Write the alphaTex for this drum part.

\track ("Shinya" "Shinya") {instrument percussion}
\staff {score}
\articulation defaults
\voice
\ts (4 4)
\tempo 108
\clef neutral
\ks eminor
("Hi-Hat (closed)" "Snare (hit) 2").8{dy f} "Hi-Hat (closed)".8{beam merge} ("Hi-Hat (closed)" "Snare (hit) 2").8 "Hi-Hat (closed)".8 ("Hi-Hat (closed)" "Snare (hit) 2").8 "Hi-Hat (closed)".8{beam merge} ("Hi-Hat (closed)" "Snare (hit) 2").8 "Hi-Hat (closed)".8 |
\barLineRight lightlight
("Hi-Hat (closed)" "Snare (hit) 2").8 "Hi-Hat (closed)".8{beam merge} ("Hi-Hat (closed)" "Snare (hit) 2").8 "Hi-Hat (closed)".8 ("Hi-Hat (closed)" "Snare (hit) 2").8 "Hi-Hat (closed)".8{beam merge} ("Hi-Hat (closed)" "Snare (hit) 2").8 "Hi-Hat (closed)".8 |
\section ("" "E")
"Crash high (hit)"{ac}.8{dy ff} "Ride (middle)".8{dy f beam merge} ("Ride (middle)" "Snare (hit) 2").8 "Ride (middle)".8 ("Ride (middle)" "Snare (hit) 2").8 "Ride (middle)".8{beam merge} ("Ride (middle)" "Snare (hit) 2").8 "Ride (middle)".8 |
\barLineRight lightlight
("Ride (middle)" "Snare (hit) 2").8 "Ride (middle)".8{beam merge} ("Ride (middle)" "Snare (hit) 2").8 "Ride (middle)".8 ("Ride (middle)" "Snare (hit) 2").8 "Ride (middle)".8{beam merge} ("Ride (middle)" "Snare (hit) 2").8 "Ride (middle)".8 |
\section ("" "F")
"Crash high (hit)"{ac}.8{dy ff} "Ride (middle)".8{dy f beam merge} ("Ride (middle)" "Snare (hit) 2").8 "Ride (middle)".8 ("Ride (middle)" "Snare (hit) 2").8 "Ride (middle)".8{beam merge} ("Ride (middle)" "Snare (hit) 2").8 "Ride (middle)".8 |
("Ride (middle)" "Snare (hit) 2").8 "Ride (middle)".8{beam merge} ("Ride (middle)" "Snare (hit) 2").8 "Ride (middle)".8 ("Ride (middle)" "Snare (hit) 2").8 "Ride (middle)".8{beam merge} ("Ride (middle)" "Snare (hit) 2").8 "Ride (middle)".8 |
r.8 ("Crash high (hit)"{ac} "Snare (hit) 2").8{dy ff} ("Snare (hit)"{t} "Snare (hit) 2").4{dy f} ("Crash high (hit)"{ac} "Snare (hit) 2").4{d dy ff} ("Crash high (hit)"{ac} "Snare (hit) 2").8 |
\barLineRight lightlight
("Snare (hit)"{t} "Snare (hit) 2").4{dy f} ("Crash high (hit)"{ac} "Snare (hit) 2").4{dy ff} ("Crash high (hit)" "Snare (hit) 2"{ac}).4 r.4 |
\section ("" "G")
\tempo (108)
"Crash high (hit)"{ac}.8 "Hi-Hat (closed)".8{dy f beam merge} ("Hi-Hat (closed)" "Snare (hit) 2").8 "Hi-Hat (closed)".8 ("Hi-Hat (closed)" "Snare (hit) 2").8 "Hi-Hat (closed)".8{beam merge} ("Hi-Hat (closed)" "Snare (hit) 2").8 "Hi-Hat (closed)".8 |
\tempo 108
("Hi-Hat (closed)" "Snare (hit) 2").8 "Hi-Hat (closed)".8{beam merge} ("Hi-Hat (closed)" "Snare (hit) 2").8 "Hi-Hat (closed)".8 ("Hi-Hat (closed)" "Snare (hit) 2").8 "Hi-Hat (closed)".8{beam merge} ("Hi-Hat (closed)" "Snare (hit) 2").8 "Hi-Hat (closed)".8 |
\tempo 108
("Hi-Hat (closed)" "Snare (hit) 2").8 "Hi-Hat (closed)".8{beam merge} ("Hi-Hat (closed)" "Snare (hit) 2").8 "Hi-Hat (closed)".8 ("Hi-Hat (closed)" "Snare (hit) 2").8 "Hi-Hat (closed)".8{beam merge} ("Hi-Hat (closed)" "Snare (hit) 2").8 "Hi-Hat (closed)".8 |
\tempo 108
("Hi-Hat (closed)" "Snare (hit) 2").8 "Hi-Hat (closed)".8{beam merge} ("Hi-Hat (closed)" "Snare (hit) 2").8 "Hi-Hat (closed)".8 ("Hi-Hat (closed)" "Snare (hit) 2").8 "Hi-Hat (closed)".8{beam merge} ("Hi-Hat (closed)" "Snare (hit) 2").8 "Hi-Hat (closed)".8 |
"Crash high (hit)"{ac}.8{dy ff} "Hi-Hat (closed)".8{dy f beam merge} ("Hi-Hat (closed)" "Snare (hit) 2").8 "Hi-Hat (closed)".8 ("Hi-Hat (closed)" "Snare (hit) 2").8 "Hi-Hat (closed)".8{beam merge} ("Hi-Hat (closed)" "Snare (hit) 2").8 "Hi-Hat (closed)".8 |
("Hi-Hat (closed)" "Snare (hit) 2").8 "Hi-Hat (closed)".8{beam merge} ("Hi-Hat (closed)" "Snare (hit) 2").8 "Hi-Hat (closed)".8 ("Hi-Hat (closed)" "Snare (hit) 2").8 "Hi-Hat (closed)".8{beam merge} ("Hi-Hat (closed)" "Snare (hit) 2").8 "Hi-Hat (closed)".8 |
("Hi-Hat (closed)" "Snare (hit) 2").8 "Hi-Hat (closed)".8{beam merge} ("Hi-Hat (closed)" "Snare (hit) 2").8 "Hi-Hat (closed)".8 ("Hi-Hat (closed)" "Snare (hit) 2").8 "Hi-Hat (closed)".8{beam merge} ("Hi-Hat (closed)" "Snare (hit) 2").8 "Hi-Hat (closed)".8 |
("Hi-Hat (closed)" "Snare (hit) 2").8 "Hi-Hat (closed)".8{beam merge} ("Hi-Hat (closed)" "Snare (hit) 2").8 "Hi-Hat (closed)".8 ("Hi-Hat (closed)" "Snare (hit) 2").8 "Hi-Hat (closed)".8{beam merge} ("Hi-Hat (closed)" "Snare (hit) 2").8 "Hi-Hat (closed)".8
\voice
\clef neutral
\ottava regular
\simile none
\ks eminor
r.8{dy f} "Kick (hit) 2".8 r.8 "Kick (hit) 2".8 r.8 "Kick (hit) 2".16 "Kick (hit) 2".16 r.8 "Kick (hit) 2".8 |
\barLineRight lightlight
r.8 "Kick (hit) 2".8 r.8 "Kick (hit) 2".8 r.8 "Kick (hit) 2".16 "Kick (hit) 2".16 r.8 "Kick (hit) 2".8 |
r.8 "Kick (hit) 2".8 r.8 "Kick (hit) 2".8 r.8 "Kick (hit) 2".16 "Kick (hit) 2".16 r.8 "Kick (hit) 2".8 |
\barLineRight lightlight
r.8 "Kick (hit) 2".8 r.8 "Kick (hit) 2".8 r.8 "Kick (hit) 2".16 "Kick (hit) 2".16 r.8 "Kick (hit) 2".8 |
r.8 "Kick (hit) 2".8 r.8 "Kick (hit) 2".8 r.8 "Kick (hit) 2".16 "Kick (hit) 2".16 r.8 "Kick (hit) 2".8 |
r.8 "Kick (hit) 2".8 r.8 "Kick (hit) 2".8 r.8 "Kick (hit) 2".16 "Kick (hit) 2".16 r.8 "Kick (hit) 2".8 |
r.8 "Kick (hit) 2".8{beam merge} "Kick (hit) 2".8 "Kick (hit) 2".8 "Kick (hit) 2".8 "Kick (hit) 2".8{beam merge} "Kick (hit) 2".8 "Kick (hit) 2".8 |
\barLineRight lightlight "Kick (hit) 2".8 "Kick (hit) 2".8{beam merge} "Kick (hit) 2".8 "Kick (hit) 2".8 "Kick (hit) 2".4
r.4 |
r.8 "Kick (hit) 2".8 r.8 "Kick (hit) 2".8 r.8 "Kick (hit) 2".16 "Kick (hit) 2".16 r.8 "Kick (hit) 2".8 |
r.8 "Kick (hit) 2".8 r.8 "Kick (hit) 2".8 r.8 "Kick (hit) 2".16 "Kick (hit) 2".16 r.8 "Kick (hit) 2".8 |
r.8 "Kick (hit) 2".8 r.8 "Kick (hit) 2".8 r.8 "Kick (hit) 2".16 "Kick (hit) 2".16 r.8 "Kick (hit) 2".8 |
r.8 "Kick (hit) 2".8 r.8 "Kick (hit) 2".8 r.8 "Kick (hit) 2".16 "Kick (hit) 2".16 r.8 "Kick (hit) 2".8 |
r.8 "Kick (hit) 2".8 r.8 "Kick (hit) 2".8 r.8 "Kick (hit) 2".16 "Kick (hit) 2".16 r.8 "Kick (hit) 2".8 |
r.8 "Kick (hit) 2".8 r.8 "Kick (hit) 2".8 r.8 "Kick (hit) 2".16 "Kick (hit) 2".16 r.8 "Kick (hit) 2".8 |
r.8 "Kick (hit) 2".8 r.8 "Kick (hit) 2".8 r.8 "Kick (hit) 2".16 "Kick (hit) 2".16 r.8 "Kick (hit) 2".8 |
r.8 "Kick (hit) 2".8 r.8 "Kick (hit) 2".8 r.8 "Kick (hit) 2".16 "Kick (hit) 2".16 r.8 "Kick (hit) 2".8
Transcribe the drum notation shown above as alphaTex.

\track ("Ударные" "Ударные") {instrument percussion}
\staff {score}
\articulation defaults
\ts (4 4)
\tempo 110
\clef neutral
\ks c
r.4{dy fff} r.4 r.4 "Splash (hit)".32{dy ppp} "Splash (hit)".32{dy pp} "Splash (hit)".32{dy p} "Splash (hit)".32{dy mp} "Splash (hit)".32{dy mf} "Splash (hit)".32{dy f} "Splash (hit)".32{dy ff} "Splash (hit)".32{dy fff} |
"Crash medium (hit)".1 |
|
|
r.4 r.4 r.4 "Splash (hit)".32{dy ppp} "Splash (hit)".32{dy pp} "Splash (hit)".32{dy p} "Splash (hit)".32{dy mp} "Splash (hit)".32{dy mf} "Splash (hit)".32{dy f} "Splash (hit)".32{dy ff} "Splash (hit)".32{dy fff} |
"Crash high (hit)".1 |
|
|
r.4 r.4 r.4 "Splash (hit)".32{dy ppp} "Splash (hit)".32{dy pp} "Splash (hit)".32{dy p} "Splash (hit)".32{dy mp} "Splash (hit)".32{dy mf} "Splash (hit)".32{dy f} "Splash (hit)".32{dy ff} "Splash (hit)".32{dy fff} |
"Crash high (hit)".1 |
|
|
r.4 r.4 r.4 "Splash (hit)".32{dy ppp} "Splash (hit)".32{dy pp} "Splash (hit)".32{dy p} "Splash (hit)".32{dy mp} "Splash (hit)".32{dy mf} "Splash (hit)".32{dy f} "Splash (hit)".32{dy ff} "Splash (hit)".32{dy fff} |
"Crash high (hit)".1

* * *

In the material above, the line with "Transcribe the drum" marks the start. Print it and every line after it through the last, exactly.

> Answer below:
Transcribe the drum notation shown above as alphaTex.

\track ("Ударные" "Ударные") {instrument percussion}
\staff {score}
\articulation defaults
\ts (4 4)
\tempo 110
\clef neutral
\ks c
r.4{dy fff} r.4 r.4 "Splash (hit)".32{dy ppp} "Splash (hit)".32{dy pp} "Splash (hit)".32{dy p} "Splash (hit)".32{dy mp} "Splash (hit)".32{dy mf} "Splash (hit)".32{dy f} "Splash (hit)".32{dy ff} "Splash (hit)".32{dy fff} |
"Crash medium (hit)".1 |
|
|
r.4 r.4 r.4 "Splash (hit)".32{dy ppp} "Splash (hit)".32{dy pp} "Splash (hit)".32{dy p} "Splash (hit)".32{dy mp} "Splash (hit)".32{dy mf} "Splash (hit)".32{dy f} "Splash (hit)".32{dy ff} "Splash (hit)".32{dy fff} |
"Crash high (hit)".1 |
|
|
r.4 r.4 r.4 "Splash (hit)".32{dy ppp} "Splash (hit)".32{dy pp} "Splash (hit)".32{dy p} "Splash (hit)".32{dy mp} "Splash (hit)".32{dy mf} "Splash (hit)".32{dy f} "Splash (hit)".32{dy ff} "Splash (hit)".32{dy fff} |
"Crash high (hit)".1 |
|
|
r.4 r.4 r.4 "Splash (hit)".32{dy ppp} "Splash (hit)".32{dy pp} "Splash (hit)".32{dy p} "Splash (hit)".32{dy mp} "Splash (hit)".32{dy mf} "Splash (hit)".32{dy f} "Splash (hit)".32{dy ff} "Splash (hit)".32{dy fff} |
"Crash high (hit)".1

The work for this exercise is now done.